I am working on training a Convolutional Neural Network (CNN) with satellite imagery data to estimate population density from RGB images. The satellite imagery is stored in a TIFF file, and I am using xarray to open the data. I am facing challenges in efficiently generating datasets for training.
I want to create different images for each training epoch by sampling random images from each section of the xarray. Currently, I have a function that generates a random point from each polygon in the dataset and creates an image. However, using tf.py_function for this function has resulted in a bottleneck during image generation, as the GPU is constantly waiting for the data to be generated. I think the data is not being prefetched because of the usage of tf.py_function.
This is a minimal version of the code I'm currently working with:
import xarray as xr
import geopandas as gpd
import numpy as np
import tensorflow as tf
from Shapely import Point
img_size = 128
dataset = xr.open_dataset("sat_img.tif")
gdf = gpd.read_file("neighbours.parquet")
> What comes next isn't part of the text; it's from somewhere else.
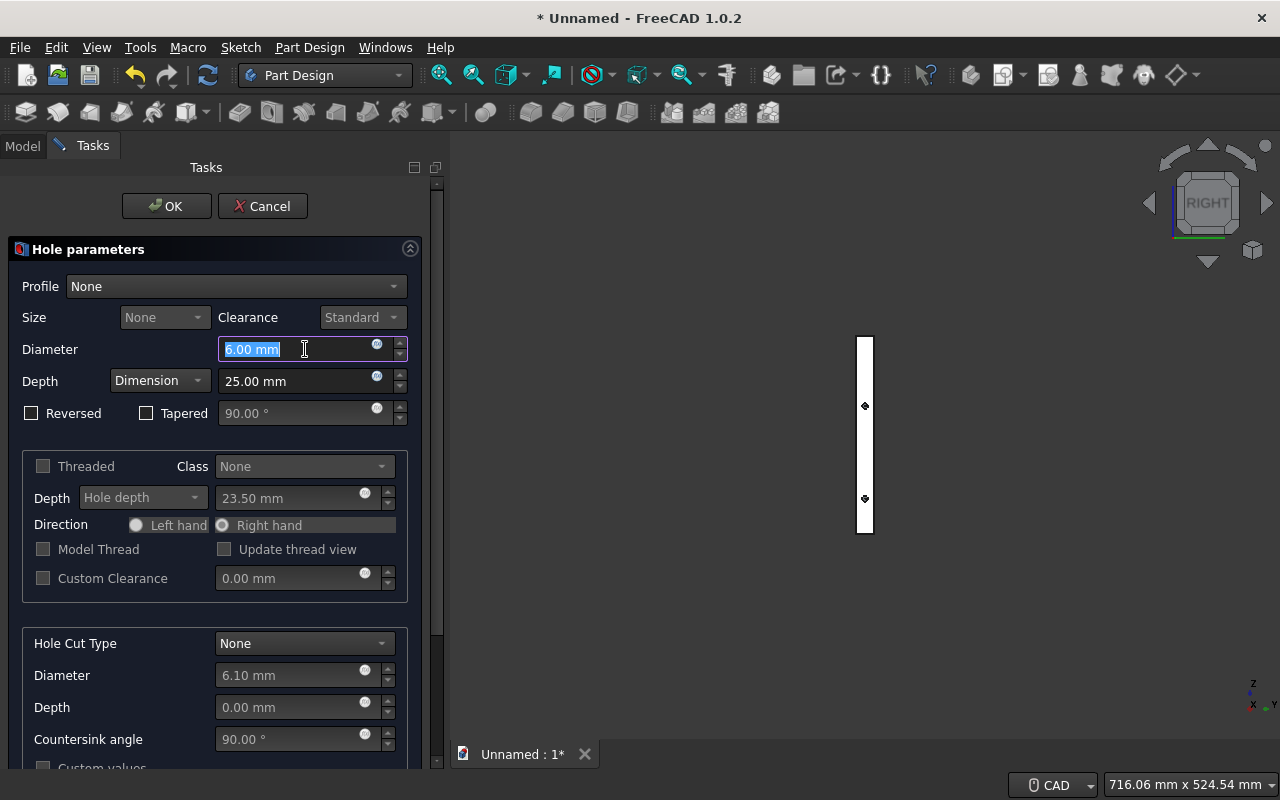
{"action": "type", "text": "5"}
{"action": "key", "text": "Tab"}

def find_nearest_idx(array, value):
''' Returns the index of the nearest value of {value} from the array'''
array = np.asarray(array)
idx = (np.abs(array - value)).argmin()
return idx
def random_point_from_geometry(polygon, size=100):
'''Generates a random point within the bounds of a Polygon.'''
# Get bounds of the shapefile's polygon
(minx, miny, maxx, maxy) = polygon.bounds
# Loop until finding a random point inside the polygon
while 0 == 0:
# generate random data within the bounds
x = np.random.uniform(minx, maxx, 1)
y = np.random.uniform(miny, maxy, 1)
point = Point(x, y)
if polygon.contains(point):
return x, y
def get_data(i):
''' Generates image and label for the neighbour i from the GeoDataFrame. '''
# Get the polygon and the label of that index (neighbour)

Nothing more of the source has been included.